It was just 3 years later in Cases v. U.S, 131 F.2d 916 (1st Cir. 1942) . . . The lower federal court decision that introduced the "milita right" interpretation I spoke of above, into the federal courts (paragraph breaks added):

"At any rate the rule of the Miller case, if intended to be comprehensive and complete would seem to be already outdated, in spite of the fact that it was formulated only three and a half years ago, because of the well known fact that in the so called 'Commando Units' some sort of military use seems to have been found for almost any modern lethal weapon.

In view of this, if the rule of the Miller case is general and complete, the result would follow that, under present day conditions, the federal government would be empowered only to regulate the possession or use of weapons such as a flintlock musket or a matchlock harquebus.
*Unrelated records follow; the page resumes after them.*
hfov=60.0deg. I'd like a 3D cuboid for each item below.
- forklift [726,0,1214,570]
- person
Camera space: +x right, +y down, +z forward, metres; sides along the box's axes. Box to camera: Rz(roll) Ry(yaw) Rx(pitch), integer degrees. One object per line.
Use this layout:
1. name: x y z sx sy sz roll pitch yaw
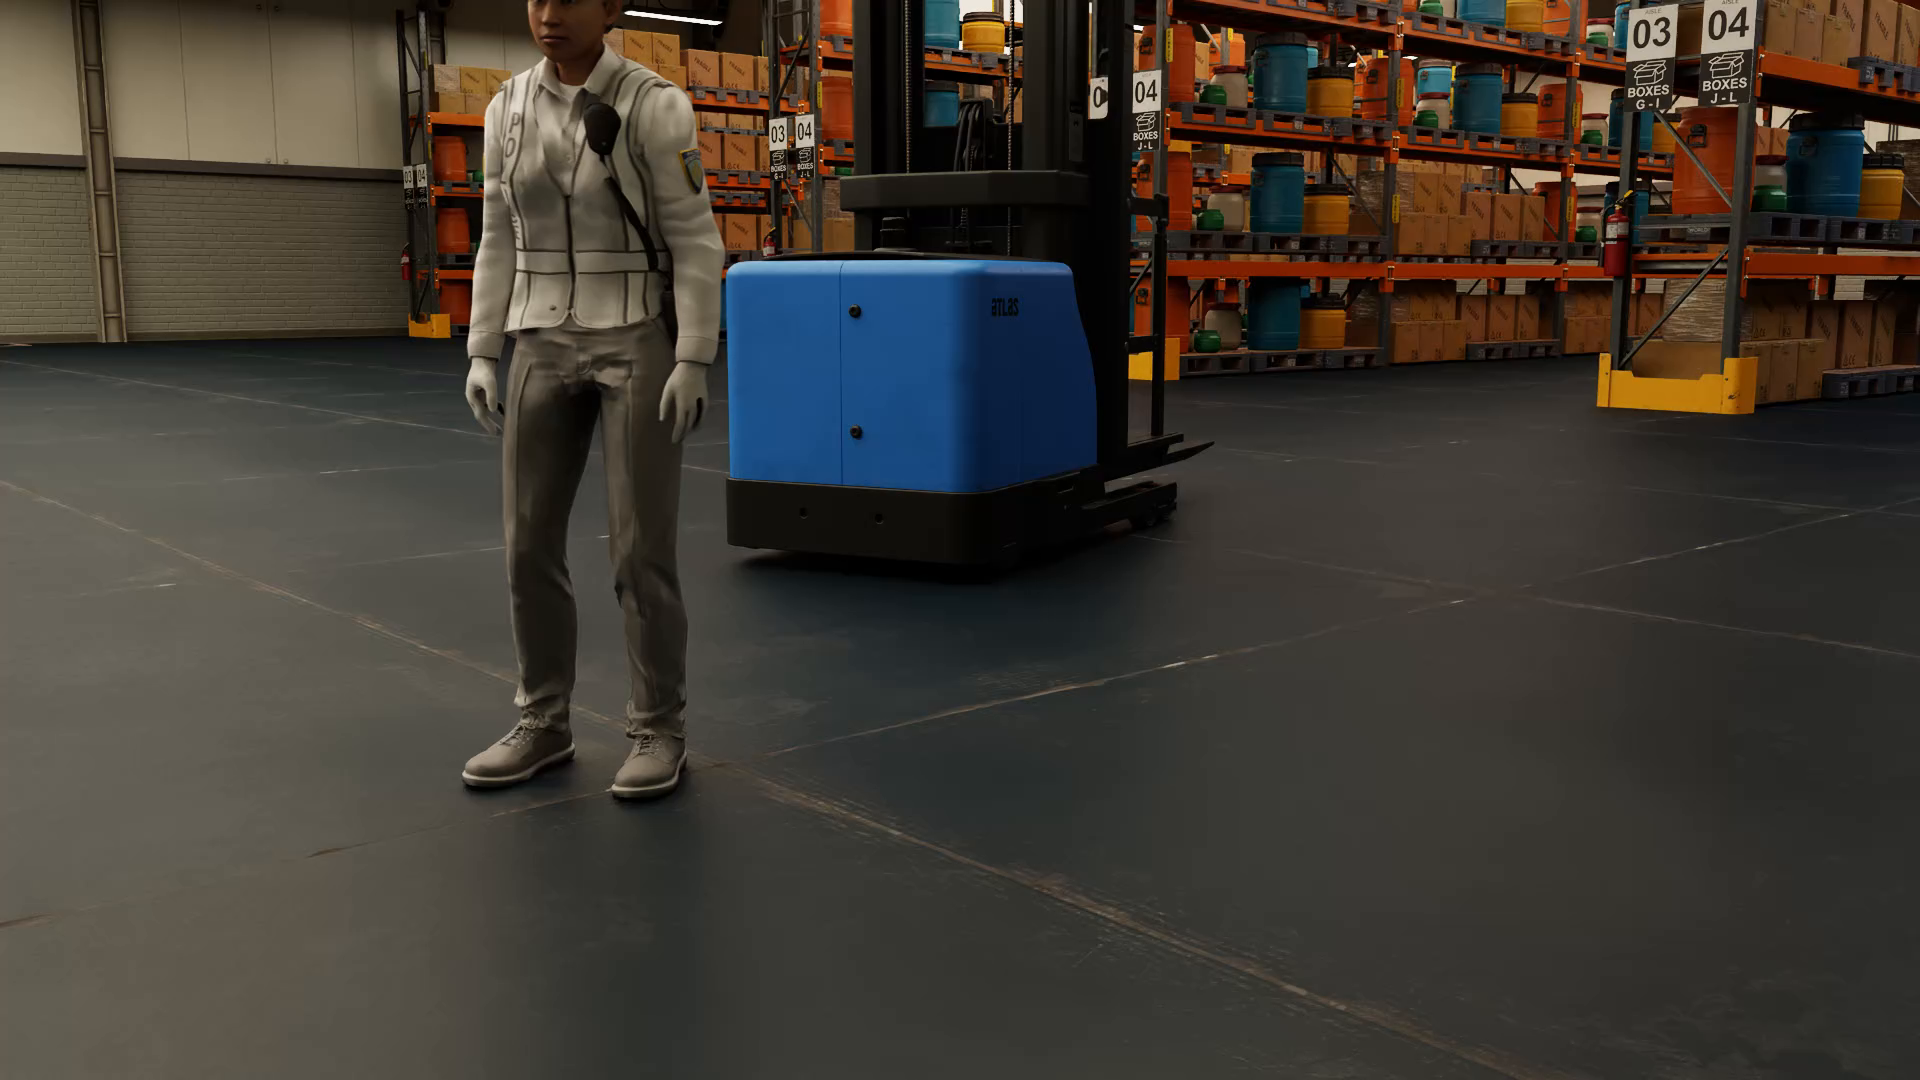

But to hold that the Second Amendment limits the federal government to regulations concerning only weapons which can be classed as antiques or curiosities,-- almost any other might bear some reasonable relationship to the preservation or efficiency of a well regulated militia unit of the present day,-- is in effect to hold that the limitation of the Second Amendment is absolute.

Another objection to the rule of the Miller case as a full and general statement is that according to it Congress would be prevented by the Second Amendment from regulating the possession or use by private persons not present or prospective members of any military unit, of distinctly military arms, such as machine guns, trench mortars, anti-tank or anti-aircraft guns, . . . "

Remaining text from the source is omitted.